=== MATERIAL FOR THIS TASK ===
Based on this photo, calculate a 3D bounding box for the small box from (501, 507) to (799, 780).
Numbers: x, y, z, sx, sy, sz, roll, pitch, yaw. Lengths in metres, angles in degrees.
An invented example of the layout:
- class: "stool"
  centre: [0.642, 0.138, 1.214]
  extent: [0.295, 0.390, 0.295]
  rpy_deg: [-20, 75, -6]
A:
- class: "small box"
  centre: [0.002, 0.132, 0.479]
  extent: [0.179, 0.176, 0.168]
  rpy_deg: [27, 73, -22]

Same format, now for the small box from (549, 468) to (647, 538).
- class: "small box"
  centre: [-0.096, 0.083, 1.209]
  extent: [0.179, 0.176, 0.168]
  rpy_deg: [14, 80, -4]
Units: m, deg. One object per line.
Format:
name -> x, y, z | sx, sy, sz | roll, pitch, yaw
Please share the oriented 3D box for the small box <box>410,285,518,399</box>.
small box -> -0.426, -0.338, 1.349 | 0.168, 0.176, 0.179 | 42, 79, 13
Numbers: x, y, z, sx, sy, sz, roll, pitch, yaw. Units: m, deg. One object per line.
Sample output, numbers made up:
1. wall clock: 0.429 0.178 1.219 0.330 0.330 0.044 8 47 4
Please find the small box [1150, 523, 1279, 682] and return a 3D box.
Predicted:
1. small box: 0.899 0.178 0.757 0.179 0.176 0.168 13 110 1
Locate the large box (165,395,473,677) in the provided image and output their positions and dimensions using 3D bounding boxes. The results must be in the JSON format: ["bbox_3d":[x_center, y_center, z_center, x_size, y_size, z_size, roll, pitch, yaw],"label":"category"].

=== WHAT YOU SHOULD DO ===
Extract each line of the listing above, copying it word for word.

=== RESPONSE BELOW ===
Based on this photo, calculate a 3D bounding box for the small box from (501, 507) to (799, 780).
Numbers: x, y, z, sx, sy, sz, roll, pitch, yaw. Lengths in metres, angles in degrees.
An invented example of the layout:
- class: "stool"
  centre: [0.642, 0.138, 1.214]
  extent: [0.295, 0.390, 0.295]
  rpy_deg: [-20, 75, -6]
A:
- class: "small box"
  centre: [0.002, 0.132, 0.479]
  extent: [0.179, 0.176, 0.168]
  rpy_deg: [27, 73, -22]

Same format, now for the small box from (549, 468) to (647, 538).
- class: "small box"
  centre: [-0.096, 0.083, 1.209]
  extent: [0.179, 0.176, 0.168]
  rpy_deg: [14, 80, -4]
Units: m, deg. One object per line.
Format:
name -> x, y, z | sx, sy, sz | roll, pitch, yaw
Please share the oriented 3D box for the small box <box>410,285,518,399</box>.
small box -> -0.426, -0.338, 1.349 | 0.168, 0.176, 0.179 | 42, 79, 13
Numbers: x, y, z, sx, sy, sz, roll, pitch, yaw. Units: m, deg. One object per line.
Sample output, numbers made up:
1. wall clock: 0.429 0.178 1.219 0.330 0.330 0.044 8 47 4
Please find the small box [1150, 523, 1279, 682] and return a 3D box.
Predicted:
1. small box: 0.899 0.178 0.757 0.179 0.176 0.168 13 110 1
Locate the large box (165,395,473,677) in the provided image and output their positions and dimensions using 3D bounding boxes. The results must be in the JSON format: ["bbox_3d":[x_center, y_center, z_center, x_size, y_size, z_size, roll, pitch, yaw],"label":"category"].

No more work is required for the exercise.